(Exercise details) Quote the records that follow in full and exactly; leave out the pictures.

(Records to use)
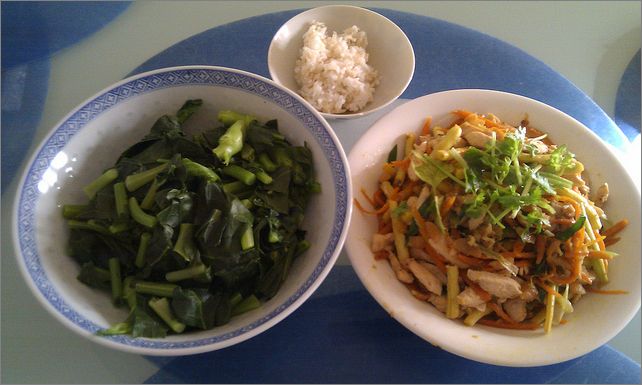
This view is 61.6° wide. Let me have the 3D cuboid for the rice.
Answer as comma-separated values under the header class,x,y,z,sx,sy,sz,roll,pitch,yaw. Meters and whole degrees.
class,x,y,z,sx,sy,sz,roll,pitch,yaw
rice,0.141,-1.011,4.395,0.747,0.298,0.767,0,87,-13
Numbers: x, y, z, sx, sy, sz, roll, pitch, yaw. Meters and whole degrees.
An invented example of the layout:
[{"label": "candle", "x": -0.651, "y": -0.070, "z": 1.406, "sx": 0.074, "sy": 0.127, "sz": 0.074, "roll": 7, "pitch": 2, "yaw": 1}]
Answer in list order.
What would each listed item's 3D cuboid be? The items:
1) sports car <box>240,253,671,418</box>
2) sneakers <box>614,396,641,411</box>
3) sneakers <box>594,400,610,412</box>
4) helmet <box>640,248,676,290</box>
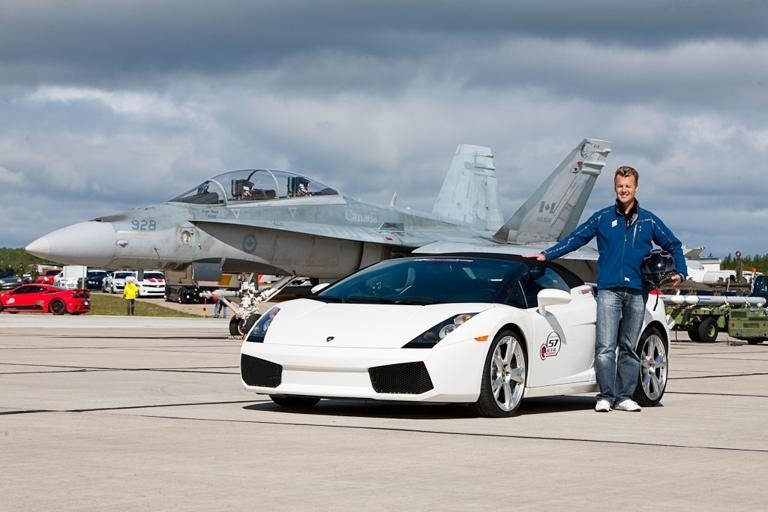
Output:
[{"label": "sports car", "x": 0.953, "y": 0.867, "z": 8.936, "sx": 2.329, "sy": 0.878, "sz": 3.391, "roll": -8, "pitch": -12, "yaw": 41}, {"label": "sneakers", "x": 2.619, "y": 1.612, "z": 9.076, "sx": 0.125, "sy": 0.088, "sz": 0.278, "roll": 2, "pitch": -9, "yaw": -13}, {"label": "sneakers", "x": 2.328, "y": 1.607, "z": 8.966, "sx": 0.107, "sy": 0.060, "sz": 0.172, "roll": -2, "pitch": 0, "yaw": 12}, {"label": "helmet", "x": 2.986, "y": 0.110, "z": 9.185, "sx": 0.369, "sy": 0.345, "sz": 0.449, "roll": -8, "pitch": 0, "yaw": 25}]

(Exercise answer)
This view is 61.6° wide. Let me have the 3D cuboid for the rice.
Answer as comma-separated values under the header class,x,y,z,sx,sy,sz,roll,pitch,yaw. Meters and whole degrees.
class,x,y,z,sx,sy,sz,roll,pitch,yaw
rice,0.141,-1.011,4.395,0.747,0.298,0.767,0,87,-13
Numbers: x, y, z, sx, sy, sz, roll, pitch, yaw. Meters and whole degrees.
An invented example of the layout:
[{"label": "candle", "x": -0.651, "y": -0.070, "z": 1.406, "sx": 0.074, "sy": 0.127, "sz": 0.074, "roll": 7, "pitch": 2, "yaw": 1}]
Answer in list order.
What would each listed item's 3D cuboid be? The items:
1) sports car <box>240,253,671,418</box>
2) sneakers <box>614,396,641,411</box>
3) sneakers <box>594,400,610,412</box>
4) helmet <box>640,248,676,290</box>
Output:
[{"label": "sports car", "x": 0.953, "y": 0.867, "z": 8.936, "sx": 2.329, "sy": 0.878, "sz": 3.391, "roll": -8, "pitch": -12, "yaw": 41}, {"label": "sneakers", "x": 2.619, "y": 1.612, "z": 9.076, "sx": 0.125, "sy": 0.088, "sz": 0.278, "roll": 2, "pitch": -9, "yaw": -13}, {"label": "sneakers", "x": 2.328, "y": 1.607, "z": 8.966, "sx": 0.107, "sy": 0.060, "sz": 0.172, "roll": -2, "pitch": 0, "yaw": 12}, {"label": "helmet", "x": 2.986, "y": 0.110, "z": 9.185, "sx": 0.369, "sy": 0.345, "sz": 0.449, "roll": -8, "pitch": 0, "yaw": 25}]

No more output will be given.